4. Values-based benefits and recognition.
“Live life adventurously” is one of Go Ape’s values that not only applies to its clients but also internally. It’s a value, among others, that is strongly considered when structuring benefits.
Benefits and recognition don’t always have to be cash incentives. Marti has dug deep into the tools Go Ape already relies on for payroll and HR to leverage additional employee benefits. He outlined a few of these helpful features that are highly rated by employees:
Recognition: Utilizing a tool within its payroll service, Marti has customized digital “impression badges” so they align with Go Ape culture. These badges, awarded by both management and peers, are used to recognize team members who embody Go Ape’s standards and values.
On-demand pay: An “on-demand pay” feature in payroll allows employees to get paid on any day they need it, for earned wages. This has been a top-rated benefit among many Go Ape employees.
Tiered PTO: “Unlimited PTO” is a buzzword these days, but often causes workers to take less time off. Go Ape structured time off so that after a certain number of years of service, you earn unlimited PTO. Employees want to earn it (and stay longer) and utilize it like they should.
Paid volunteer hours: One of Go Ape’s values is to “be socially and environmentally responsible.” The company has incorporated paid volunteer hours and group service days for the leadership team.
Mental health assistance programs: Go Ape utilizes an “Employee Assistance Program” that allows employees experiencing mental health challenges to reach out directly to a professional for help rather than going through their manager.

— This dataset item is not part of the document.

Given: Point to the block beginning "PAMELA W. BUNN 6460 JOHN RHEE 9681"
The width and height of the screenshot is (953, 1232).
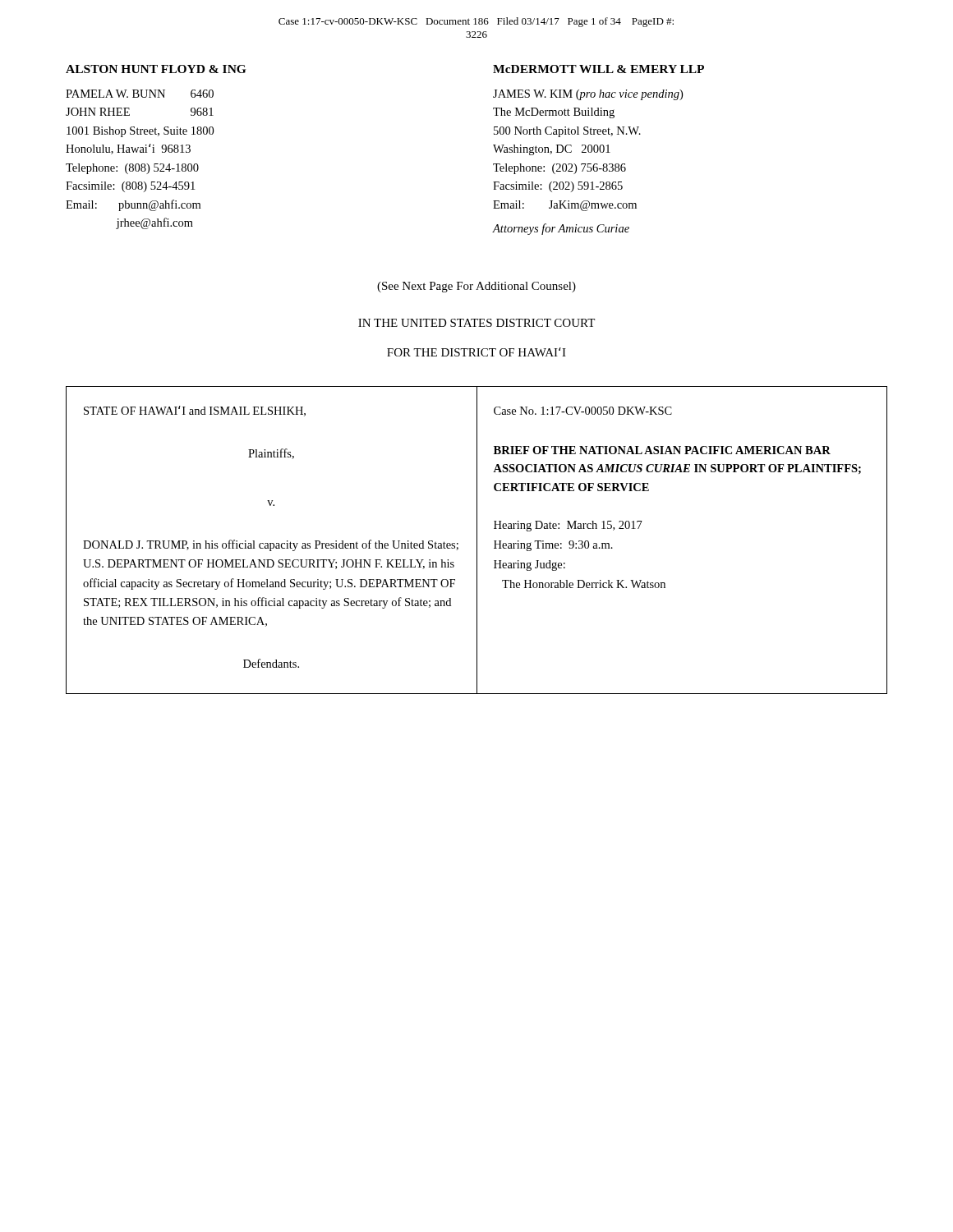Looking at the screenshot, I should tap(140, 157).

5. Remove mundane tasks via automation.
When it comes to company culture, the happiest workplaces use and prioritize automation, according to a recent study published by Business Wire. Automation allows for staff to focus on more purposeful and creative work—six in 10 professionals believe it leads to higher morale and more interesting work.

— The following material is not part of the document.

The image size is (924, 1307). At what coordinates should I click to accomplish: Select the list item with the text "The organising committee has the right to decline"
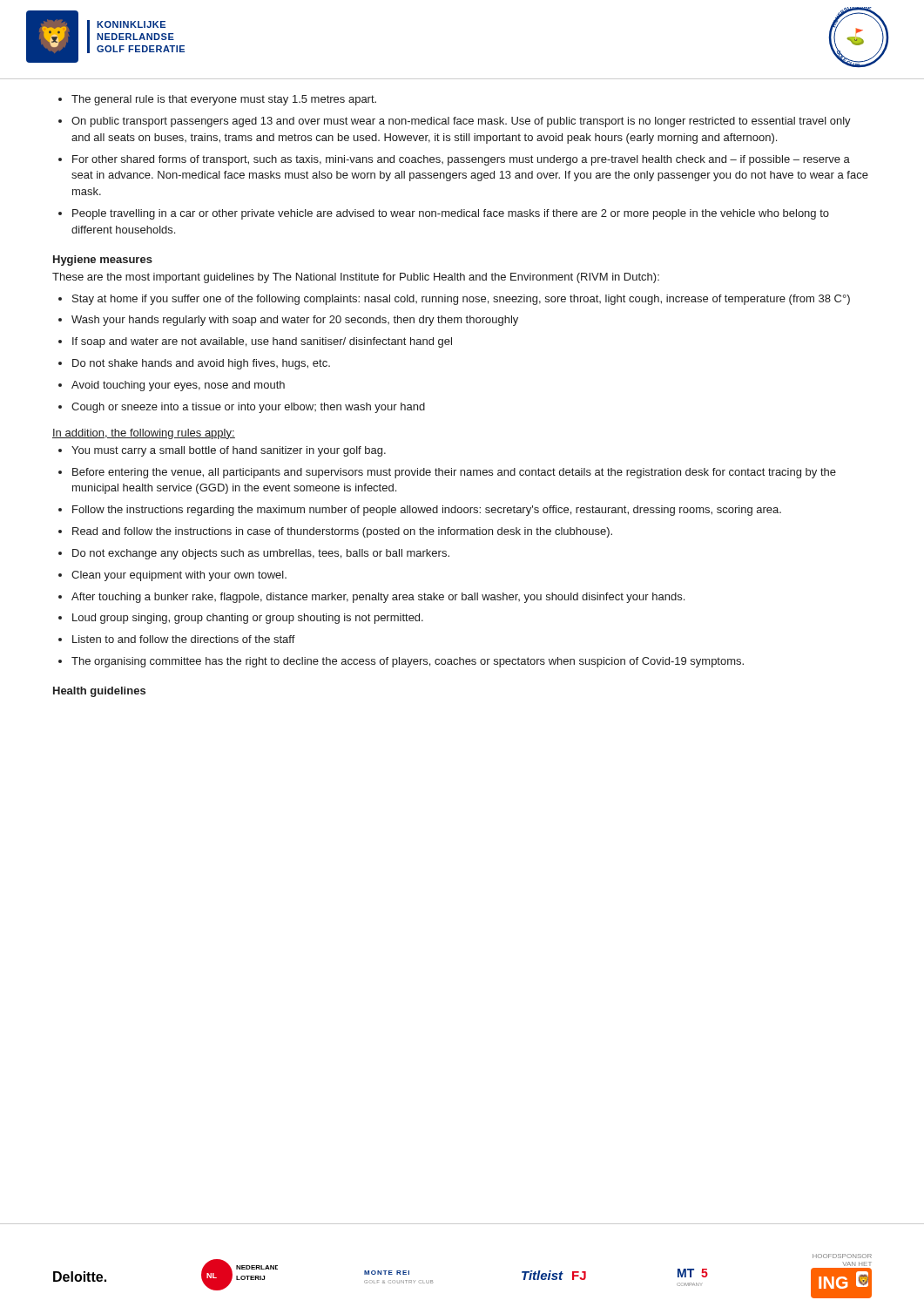(472, 662)

Automation can be made easy by understanding the systems you have and the pain points your staff are experiencing. A great place to start is to create a (safe) opportunity for teams and staff to articulate what they “hate” about their daily work, so you can address it and brainstorm ways to improve it.
The Flybook has asked this question in the past. Here are some problems that came up in the responses, and the ways a reservations or software system can solve each via automation:
The problem: Answering the phones for simple reservation modifications. Specifically, it is monotonous for staff to adjust reservations and distracts from more interesting work.
The solution: A guest self-modification feature in your booking software allows guests to make changes or cancel their reservations online without a phone call. Utilizing a feature like this means staff spend less time on the phone and more time tackling bigger issues or doing more creative work.
The problem: Managing large groups. With multiple waivers, restrictions, and logistics, managing large groups is tedious for staff.
The solution: Group management tools allow for shared waivers (internally managed within the software), and customer relationship management (CRM) tools help move a group through a pipeline of tasks to the reservation.
The problem: Managing weather changes. When bad weather strikes, it becomes an all-out scramble to make sure guests are aware or updated on conditions.
The solution: Digitally produced and distributed on-demand rain check and mass text communication tools allow operators to push weather alerts and operational notices directly to affected guests.
Automation tools like these and others—such as text tipping or survey requests—are small ways to reduce headaches for yourself and your staff. In turn, staff will appreciate how you work to make their lives easier. All of which supports a robust company culture, a key factor in effective employee recruitment and retention.